WORK REQUIRED
Wherever a picture appears, leave it out, and transcribe the rest of the records exactly.

[RECORDS PROVIDED — start]

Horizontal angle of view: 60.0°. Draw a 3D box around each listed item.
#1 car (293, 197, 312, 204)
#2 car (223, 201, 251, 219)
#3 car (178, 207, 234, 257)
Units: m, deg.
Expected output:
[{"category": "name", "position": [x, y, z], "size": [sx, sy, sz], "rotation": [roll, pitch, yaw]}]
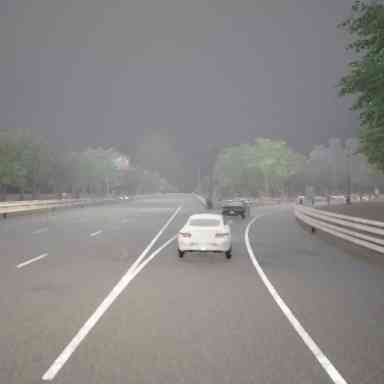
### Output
[{"category": "car", "position": [19.517, 1.584, 58.155], "size": [1.895, 1.301, 4.718], "rotation": [0, 0, 40]}, {"category": "car", "position": [4.000, 1.504, 29.353], "size": [1.882, 1.535, 5.008], "rotation": [0, 0, 17]}, {"category": "car", "position": [0.589, 1.530, 12.835], "size": [1.812, 1.442, 4.674], "rotation": [0, 0, 6]}]
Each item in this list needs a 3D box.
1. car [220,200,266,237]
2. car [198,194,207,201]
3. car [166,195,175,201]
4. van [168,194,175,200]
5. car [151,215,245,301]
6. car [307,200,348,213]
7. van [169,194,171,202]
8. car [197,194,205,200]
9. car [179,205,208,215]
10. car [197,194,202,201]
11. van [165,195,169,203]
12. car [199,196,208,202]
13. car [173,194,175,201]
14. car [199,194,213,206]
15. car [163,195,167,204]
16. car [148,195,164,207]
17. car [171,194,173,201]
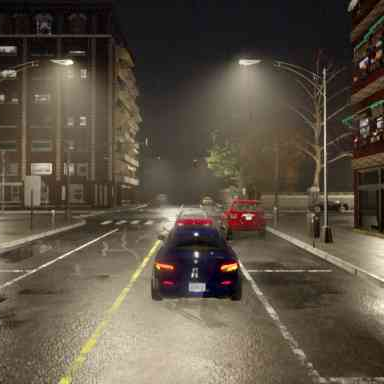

[RECORDS PROVIDED — finish]

TASK RESULT
Horizontal angle of view: 60.0°. Draw a 3D box around each listed item.
#1 car (293, 197, 312, 204)
#2 car (223, 201, 251, 219)
#3 car (178, 207, 234, 257)
Units: m, deg.
Expected output:
[{"category": "name", "position": [x, y, z], "size": [sx, sy, sz], "rotation": [roll, pitch, yaw]}]
### Output
[{"category": "car", "position": [19.517, 1.584, 58.155], "size": [1.895, 1.301, 4.718], "rotation": [0, 0, 40]}, {"category": "car", "position": [4.000, 1.504, 29.353], "size": [1.882, 1.535, 5.008], "rotation": [0, 0, 17]}, {"category": "car", "position": [0.589, 1.530, 12.835], "size": [1.812, 1.442, 4.674], "rotation": [0, 0, 6]}]
Each item in this list needs a 3D box.
1. car [220,200,266,237]
2. car [198,194,207,201]
3. car [166,195,175,201]
4. van [168,194,175,200]
5. car [151,215,245,301]
6. car [307,200,348,213]
7. van [169,194,171,202]
8. car [197,194,205,200]
9. car [179,205,208,215]
10. car [197,194,202,201]
11. van [165,195,169,203]
12. car [199,196,208,202]
13. car [173,194,175,201]
14. car [199,194,213,206]
15. car [163,195,167,204]
16. car [148,195,164,207]
17. car [171,194,173,201]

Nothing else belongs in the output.